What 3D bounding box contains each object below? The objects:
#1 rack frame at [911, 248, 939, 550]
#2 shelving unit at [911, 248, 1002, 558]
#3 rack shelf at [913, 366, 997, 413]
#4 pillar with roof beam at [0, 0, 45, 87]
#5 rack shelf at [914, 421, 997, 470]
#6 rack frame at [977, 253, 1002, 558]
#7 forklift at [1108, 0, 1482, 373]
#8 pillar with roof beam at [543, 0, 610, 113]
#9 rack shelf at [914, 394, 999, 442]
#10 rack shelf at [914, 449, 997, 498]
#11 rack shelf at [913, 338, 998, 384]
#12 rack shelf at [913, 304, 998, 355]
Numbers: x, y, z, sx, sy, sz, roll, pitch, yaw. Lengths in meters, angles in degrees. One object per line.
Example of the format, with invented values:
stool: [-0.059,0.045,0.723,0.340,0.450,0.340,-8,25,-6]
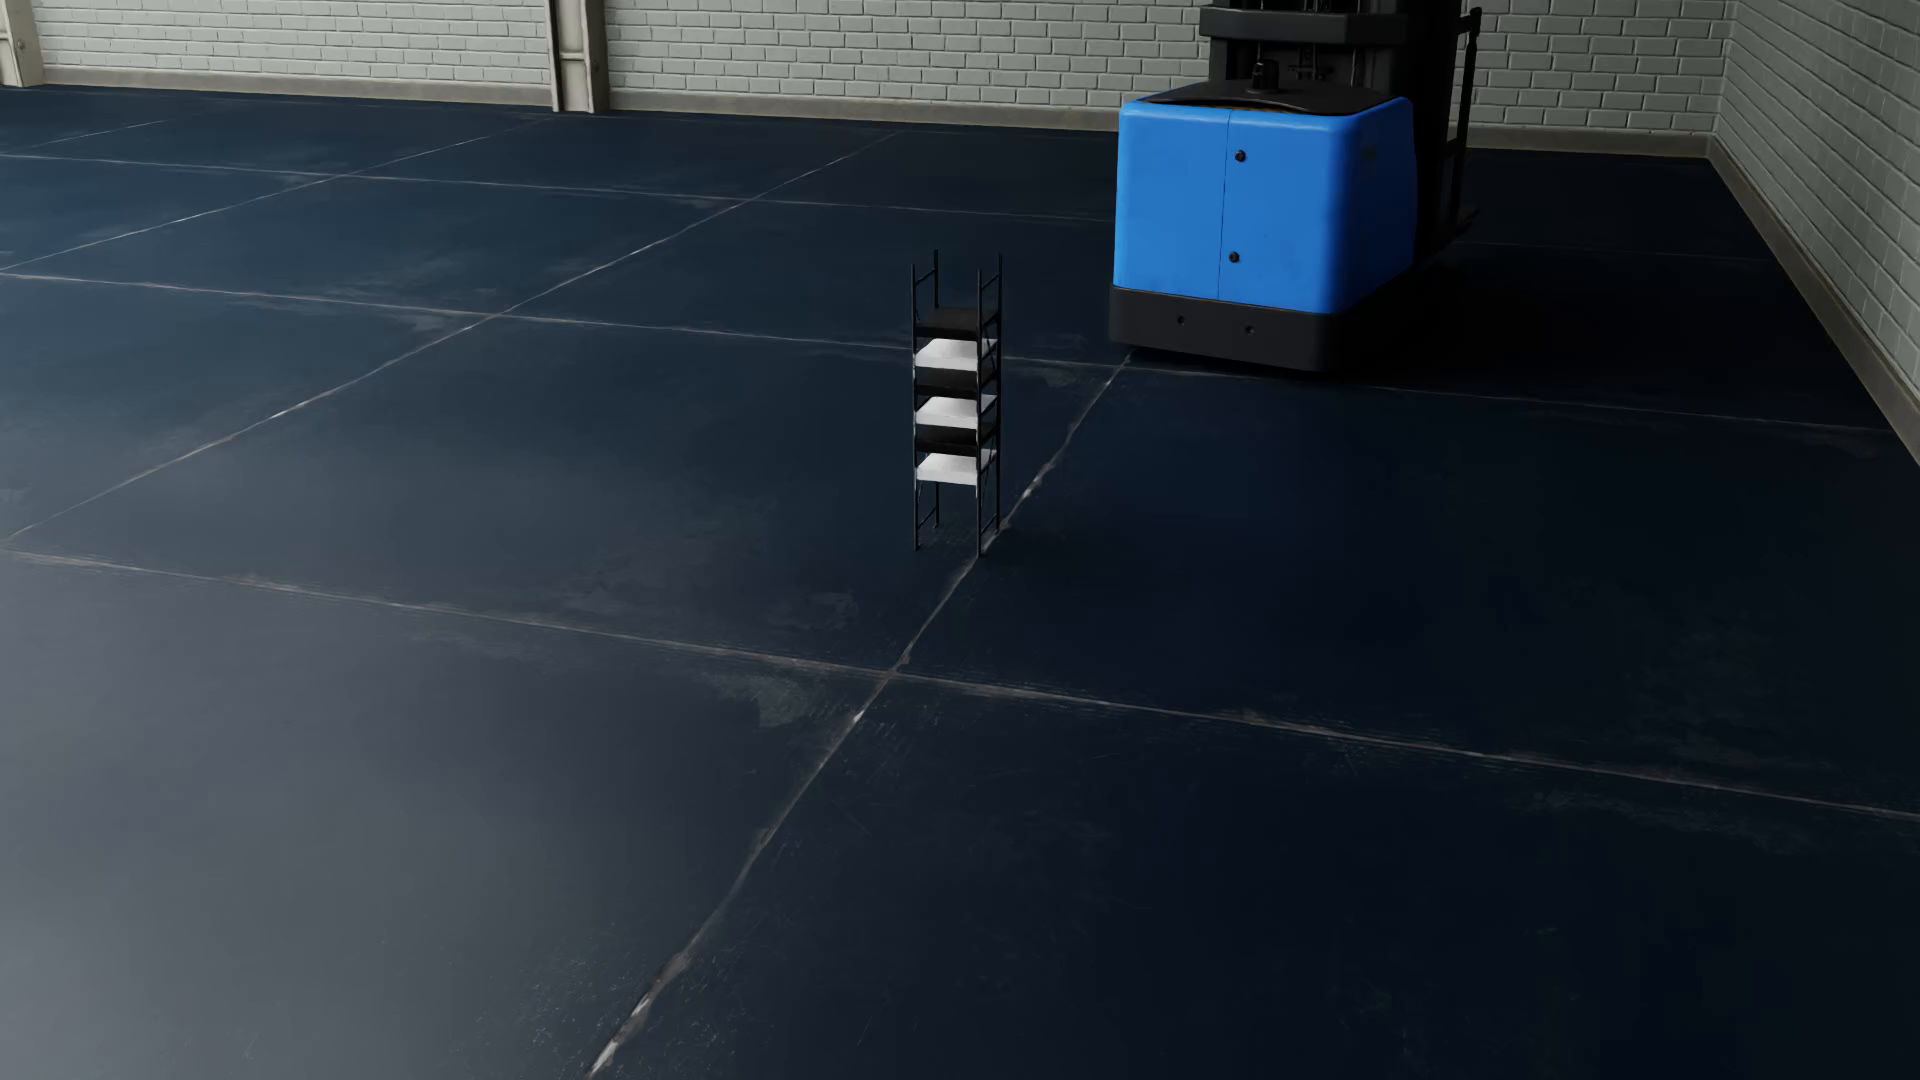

**Task instructions**
Where does the word "beam" occur in the data? Copy every line that has it.

**Result for this exercise**
#4 pillar with roof beam at [0, 0, 45, 87]
#8 pillar with roof beam at [543, 0, 610, 113]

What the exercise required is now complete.